> **Instructions to follow**: Nothing but a number should be written: the count of lines below that contain "this".

● ● ●

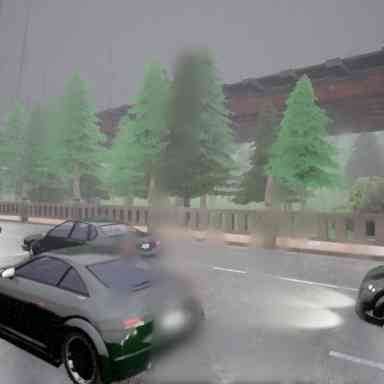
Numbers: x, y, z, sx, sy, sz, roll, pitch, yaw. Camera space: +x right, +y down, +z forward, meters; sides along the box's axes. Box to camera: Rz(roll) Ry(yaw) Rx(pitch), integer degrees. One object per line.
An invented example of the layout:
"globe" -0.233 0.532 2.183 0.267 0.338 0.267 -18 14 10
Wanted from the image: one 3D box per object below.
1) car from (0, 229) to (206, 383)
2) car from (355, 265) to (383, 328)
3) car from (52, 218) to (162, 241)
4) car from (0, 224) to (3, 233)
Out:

● ● ●

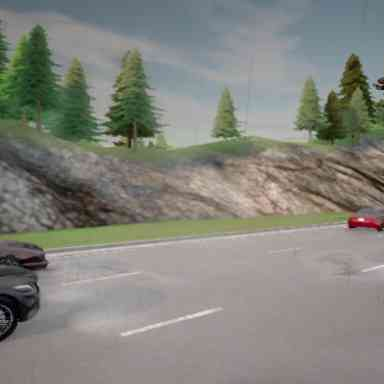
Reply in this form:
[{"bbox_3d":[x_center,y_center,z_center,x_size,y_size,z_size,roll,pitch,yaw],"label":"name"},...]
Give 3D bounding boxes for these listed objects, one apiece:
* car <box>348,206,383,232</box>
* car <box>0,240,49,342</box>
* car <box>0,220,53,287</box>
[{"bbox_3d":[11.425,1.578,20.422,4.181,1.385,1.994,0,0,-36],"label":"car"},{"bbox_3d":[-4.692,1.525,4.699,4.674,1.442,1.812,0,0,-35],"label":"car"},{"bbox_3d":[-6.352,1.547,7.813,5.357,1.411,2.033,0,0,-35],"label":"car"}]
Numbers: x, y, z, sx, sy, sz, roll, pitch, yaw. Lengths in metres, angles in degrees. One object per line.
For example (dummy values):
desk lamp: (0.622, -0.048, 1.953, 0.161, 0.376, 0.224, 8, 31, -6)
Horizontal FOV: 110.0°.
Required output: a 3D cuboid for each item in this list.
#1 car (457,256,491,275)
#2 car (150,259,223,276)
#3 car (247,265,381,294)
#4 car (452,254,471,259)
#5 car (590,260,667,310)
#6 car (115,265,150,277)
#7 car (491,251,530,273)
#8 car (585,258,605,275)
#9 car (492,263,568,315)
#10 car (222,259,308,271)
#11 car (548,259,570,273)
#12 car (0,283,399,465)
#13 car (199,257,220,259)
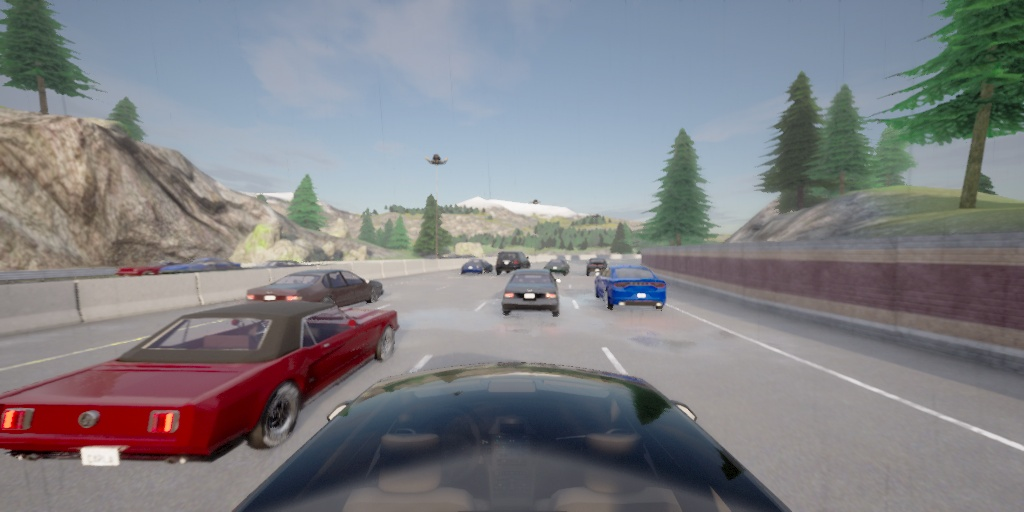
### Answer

● ● ●

> **Exercise response**: 2